*** Opening of Given records ***
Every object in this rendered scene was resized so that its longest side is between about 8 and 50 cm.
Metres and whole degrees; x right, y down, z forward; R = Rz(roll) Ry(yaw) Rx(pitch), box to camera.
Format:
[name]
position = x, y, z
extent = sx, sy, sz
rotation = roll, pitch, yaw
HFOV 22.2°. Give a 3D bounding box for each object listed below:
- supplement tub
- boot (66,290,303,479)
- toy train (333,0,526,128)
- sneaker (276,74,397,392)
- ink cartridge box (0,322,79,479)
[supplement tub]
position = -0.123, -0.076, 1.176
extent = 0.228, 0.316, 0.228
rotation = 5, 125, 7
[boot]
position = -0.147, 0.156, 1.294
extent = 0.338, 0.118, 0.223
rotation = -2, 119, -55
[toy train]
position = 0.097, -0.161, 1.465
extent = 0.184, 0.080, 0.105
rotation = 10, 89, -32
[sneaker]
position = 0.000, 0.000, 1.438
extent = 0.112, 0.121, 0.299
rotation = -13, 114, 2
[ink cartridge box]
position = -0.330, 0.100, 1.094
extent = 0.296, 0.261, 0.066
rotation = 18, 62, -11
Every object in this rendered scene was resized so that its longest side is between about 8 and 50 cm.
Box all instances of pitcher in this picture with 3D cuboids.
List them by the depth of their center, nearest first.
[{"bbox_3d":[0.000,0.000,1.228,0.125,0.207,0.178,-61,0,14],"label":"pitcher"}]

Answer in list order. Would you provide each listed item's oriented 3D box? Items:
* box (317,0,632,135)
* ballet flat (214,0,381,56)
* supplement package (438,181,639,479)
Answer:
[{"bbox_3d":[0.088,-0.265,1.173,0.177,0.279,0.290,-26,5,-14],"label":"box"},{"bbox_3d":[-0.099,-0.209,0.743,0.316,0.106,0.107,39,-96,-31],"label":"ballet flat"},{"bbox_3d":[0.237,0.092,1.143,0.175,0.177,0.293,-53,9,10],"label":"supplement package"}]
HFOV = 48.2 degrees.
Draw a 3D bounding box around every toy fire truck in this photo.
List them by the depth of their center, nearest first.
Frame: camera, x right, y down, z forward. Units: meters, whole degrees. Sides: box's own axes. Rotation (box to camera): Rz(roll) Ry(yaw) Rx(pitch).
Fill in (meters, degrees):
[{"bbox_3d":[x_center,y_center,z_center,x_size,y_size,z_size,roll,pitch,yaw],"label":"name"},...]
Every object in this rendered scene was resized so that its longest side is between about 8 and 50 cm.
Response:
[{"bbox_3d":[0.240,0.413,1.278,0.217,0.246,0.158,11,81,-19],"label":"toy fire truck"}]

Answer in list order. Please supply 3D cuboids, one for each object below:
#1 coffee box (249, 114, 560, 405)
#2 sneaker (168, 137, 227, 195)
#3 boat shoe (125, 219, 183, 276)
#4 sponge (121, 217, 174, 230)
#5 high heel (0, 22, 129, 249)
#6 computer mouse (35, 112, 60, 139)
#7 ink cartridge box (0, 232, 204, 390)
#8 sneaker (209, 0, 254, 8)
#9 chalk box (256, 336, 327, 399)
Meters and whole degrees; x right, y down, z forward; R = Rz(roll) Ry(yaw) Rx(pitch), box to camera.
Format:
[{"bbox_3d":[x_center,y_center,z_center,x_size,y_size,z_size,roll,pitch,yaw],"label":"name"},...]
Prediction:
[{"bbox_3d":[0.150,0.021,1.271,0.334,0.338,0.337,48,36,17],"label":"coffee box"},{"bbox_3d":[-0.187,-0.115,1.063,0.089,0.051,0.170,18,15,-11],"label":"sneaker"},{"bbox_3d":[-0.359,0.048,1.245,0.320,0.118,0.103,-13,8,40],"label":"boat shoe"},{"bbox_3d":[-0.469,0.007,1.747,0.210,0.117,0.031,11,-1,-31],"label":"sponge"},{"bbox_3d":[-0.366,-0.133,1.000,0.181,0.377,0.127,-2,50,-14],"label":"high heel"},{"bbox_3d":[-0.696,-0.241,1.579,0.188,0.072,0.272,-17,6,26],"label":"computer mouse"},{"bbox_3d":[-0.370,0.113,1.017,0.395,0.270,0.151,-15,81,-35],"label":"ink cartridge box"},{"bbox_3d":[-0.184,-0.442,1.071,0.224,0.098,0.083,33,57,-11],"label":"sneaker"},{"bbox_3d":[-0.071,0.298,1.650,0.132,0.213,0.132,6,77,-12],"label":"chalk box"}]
*** Close of Given records ***
Exercise prompt →
Reproduce all entries. Keep them exact.

Result for this exercise →
Every object in this rendered scene was resized so that its longest side is between about 8 and 50 cm.
Metres and whole degrees; x right, y down, z forward; R = Rz(roll) Ry(yaw) Rx(pitch), box to camera.
Format:
[name]
position = x, y, z
extent = sx, sy, sz
rotation = roll, pitch, yaw
HFOV 22.2°. Give a 3D bounding box for each object listed below:
- supplement tub
- boot (66,290,303,479)
- toy train (333,0,526,128)
- sneaker (276,74,397,392)
- ink cartridge box (0,322,79,479)
[supplement tub]
position = -0.123, -0.076, 1.176
extent = 0.228, 0.316, 0.228
rotation = 5, 125, 7
[boot]
position = -0.147, 0.156, 1.294
extent = 0.338, 0.118, 0.223
rotation = -2, 119, -55
[toy train]
position = 0.097, -0.161, 1.465
extent = 0.184, 0.080, 0.105
rotation = 10, 89, -32
[sneaker]
position = 0.000, 0.000, 1.438
extent = 0.112, 0.121, 0.299
rotation = -13, 114, 2
[ink cartridge box]
position = -0.330, 0.100, 1.094
extent = 0.296, 0.261, 0.066
rotation = 18, 62, -11
Every object in this rendered scene was resized so that its longest side is between about 8 and 50 cm.
Box all instances of pitcher in this picture with 3D cuboids.
List them by the depth of their center, nearest first.
[{"bbox_3d":[0.000,0.000,1.228,0.125,0.207,0.178,-61,0,14],"label":"pitcher"}]

Answer in list order. Would you provide each listed item's oriented 3D box? Items:
* box (317,0,632,135)
* ballet flat (214,0,381,56)
* supplement package (438,181,639,479)
Answer:
[{"bbox_3d":[0.088,-0.265,1.173,0.177,0.279,0.290,-26,5,-14],"label":"box"},{"bbox_3d":[-0.099,-0.209,0.743,0.316,0.106,0.107,39,-96,-31],"label":"ballet flat"},{"bbox_3d":[0.237,0.092,1.143,0.175,0.177,0.293,-53,9,10],"label":"supplement package"}]
HFOV = 48.2 degrees.
Draw a 3D bounding box around every toy fire truck in this photo.
List them by the depth of their center, nearest first.
Frame: camera, x right, y down, z forward. Units: meters, whole degrees. Sides: box's own axes. Rotation (box to camera): Rz(roll) Ry(yaw) Rx(pitch).
Fill in (meters, degrees):
[{"bbox_3d":[x_center,y_center,z_center,x_size,y_size,z_size,roll,pitch,yaw],"label":"name"},...]
Every object in this rendered scene was resized so that its longest side is between about 8 and 50 cm.
Response:
[{"bbox_3d":[0.240,0.413,1.278,0.217,0.246,0.158,11,81,-19],"label":"toy fire truck"}]

Answer in list order. Please supply 3D cuboids, one for each object below:
#1 coffee box (249, 114, 560, 405)
#2 sneaker (168, 137, 227, 195)
#3 boat shoe (125, 219, 183, 276)
#4 sponge (121, 217, 174, 230)
#5 high heel (0, 22, 129, 249)
#6 computer mouse (35, 112, 60, 139)
#7 ink cartridge box (0, 232, 204, 390)
#8 sneaker (209, 0, 254, 8)
#9 chalk box (256, 336, 327, 399)
Meters and whole degrees; x right, y down, z forward; R = Rz(roll) Ry(yaw) Rx(pitch), box to camera.
Format:
[{"bbox_3d":[x_center,y_center,z_center,x_size,y_size,z_size,roll,pitch,yaw],"label":"name"},...]
Prediction:
[{"bbox_3d":[0.150,0.021,1.271,0.334,0.338,0.337,48,36,17],"label":"coffee box"},{"bbox_3d":[-0.187,-0.115,1.063,0.089,0.051,0.170,18,15,-11],"label":"sneaker"},{"bbox_3d":[-0.359,0.048,1.245,0.320,0.118,0.103,-13,8,40],"label":"boat shoe"},{"bbox_3d":[-0.469,0.007,1.747,0.210,0.117,0.031,11,-1,-31],"label":"sponge"},{"bbox_3d":[-0.366,-0.133,1.000,0.181,0.377,0.127,-2,50,-14],"label":"high heel"},{"bbox_3d":[-0.696,-0.241,1.579,0.188,0.072,0.272,-17,6,26],"label":"computer mouse"},{"bbox_3d":[-0.370,0.113,1.017,0.395,0.270,0.151,-15,81,-35],"label":"ink cartridge box"},{"bbox_3d":[-0.184,-0.442,1.071,0.224,0.098,0.083,33,57,-11],"label":"sneaker"},{"bbox_3d":[-0.071,0.298,1.650,0.132,0.213,0.132,6,77,-12],"label":"chalk box"}]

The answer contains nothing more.